So is Andreessen Horowitz investing in consumer Series A deals or not? First, there was an article in The Wall Street Journal in which investment partner Scott Weiss compared many consumer tech companies to “fruit fly experiments” and suggested a pullback by A16Z towards consumer technologies.
Only a few hours later after Weiss’s statement hit the blogosphere, Marc Andreessen took to Hacker News to clear the air and then there was an article on TechCrunch echoing many of Andreessen’s comments from HN which reinforced the firm’s commitment to consumer tech. In Andreessen’s words:
“Consumer startups more and more have this very interesting ‘lightning in a bottle’ effect where sometimes they take off like crazy and sometimes they just don’t…In contrast, enterprise startups are much more (take your pick) tractable, execution centric, brute force, predictable (as startups go). None of this is religion — we still do plenty of consumer A’s and enterprise B’s.”
And then finally, Weiss issued a clarification / apology in the WSJ because it appears some startup entrepreneurs were offended by the fruit fly comment.
So after 3 articles about a potential change in focus that ultimately wasn’t, we wanted to look at what the data actually suggests about Andreessen Horowitz’s Series A focus areas and whether a shift to or away from consumer is happening in reality.
Is A16Z doing more or less consumer Series A deals?
The 2013 data does not show any decline in Series A consumer investments and actually marks the highest proportion of consumer Series A deals for the firm in the last 3 years.

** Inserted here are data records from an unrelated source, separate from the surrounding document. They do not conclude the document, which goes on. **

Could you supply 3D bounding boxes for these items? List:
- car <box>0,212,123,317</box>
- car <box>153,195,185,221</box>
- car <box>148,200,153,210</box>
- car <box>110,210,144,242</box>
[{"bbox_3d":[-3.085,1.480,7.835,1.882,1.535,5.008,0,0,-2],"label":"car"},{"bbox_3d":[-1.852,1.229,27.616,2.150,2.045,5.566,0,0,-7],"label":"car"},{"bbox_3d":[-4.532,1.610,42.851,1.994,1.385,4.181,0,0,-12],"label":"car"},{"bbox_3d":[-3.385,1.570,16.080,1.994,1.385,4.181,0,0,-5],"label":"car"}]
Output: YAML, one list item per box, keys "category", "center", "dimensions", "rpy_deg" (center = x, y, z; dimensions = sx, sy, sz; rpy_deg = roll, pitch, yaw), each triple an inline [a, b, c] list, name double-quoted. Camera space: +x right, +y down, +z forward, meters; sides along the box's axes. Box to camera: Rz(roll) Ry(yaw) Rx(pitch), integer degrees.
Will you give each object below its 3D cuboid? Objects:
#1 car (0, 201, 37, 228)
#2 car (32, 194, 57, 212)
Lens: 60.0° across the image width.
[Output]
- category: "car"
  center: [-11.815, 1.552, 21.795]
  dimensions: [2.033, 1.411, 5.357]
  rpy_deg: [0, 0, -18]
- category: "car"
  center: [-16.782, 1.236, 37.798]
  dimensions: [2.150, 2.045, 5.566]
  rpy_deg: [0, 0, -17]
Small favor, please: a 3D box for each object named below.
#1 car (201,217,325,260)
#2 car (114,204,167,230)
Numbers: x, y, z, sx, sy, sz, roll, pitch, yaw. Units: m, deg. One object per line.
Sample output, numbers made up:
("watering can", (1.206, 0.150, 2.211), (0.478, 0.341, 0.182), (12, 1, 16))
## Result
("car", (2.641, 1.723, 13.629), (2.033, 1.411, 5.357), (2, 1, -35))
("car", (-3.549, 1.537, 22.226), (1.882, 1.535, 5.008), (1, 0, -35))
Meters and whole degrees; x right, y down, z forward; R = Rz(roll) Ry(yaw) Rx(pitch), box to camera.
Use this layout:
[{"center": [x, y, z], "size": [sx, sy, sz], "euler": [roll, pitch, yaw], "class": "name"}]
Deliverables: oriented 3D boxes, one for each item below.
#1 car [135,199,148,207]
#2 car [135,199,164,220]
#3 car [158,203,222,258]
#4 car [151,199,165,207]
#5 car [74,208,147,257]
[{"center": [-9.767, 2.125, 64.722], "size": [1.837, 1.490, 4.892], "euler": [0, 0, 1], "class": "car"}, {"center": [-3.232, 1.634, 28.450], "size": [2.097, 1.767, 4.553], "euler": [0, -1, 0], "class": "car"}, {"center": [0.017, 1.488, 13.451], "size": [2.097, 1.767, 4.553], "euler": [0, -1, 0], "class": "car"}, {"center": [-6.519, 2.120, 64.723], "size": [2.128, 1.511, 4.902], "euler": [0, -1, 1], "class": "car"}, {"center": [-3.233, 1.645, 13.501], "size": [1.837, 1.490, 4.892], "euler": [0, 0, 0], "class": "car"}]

As shown below, enterprise startups took 3 of every 4 Series A deals in 2012 that A16Z participated in, but that ratio has come down to nearly 50/50 between enterprise and consumer in 2013. A couple of its most recent consumer A deals include online photo community 500px, Max Levchin’s fertility app Glow, and FiftyThree, the developer of iPad drawing app Paper.
So A16Z is clearly not shying away from consumer tech companies at the Series A stage.
What about Series B rounds?
Andreessen explained that “it often makes sense to let other firms fund the (consumer) A rounds before anything is proven…and then step in hard at the B.” If true, this would suggest a larger share of consumer Series B rounds but this has not happened as can be seen below.
So the data for A16Z suggests an increase in activity among consumer Series A deals in 2013 and Series B’s also suggest no material migration to more proven consumer companies.
Finally, it may be worth restating a comment we made on the Hacker News thread which Marc Andreessen responded to. And that is that even if Andreessen Horowitz is shifting away from consumer startups, that is not a particularly unique insight or viewpoint these days (it is old news you could say). Given that many of the largest exits in tech have been of enterprise companies as of late, many venture capital firms had already shifted towards enterprise.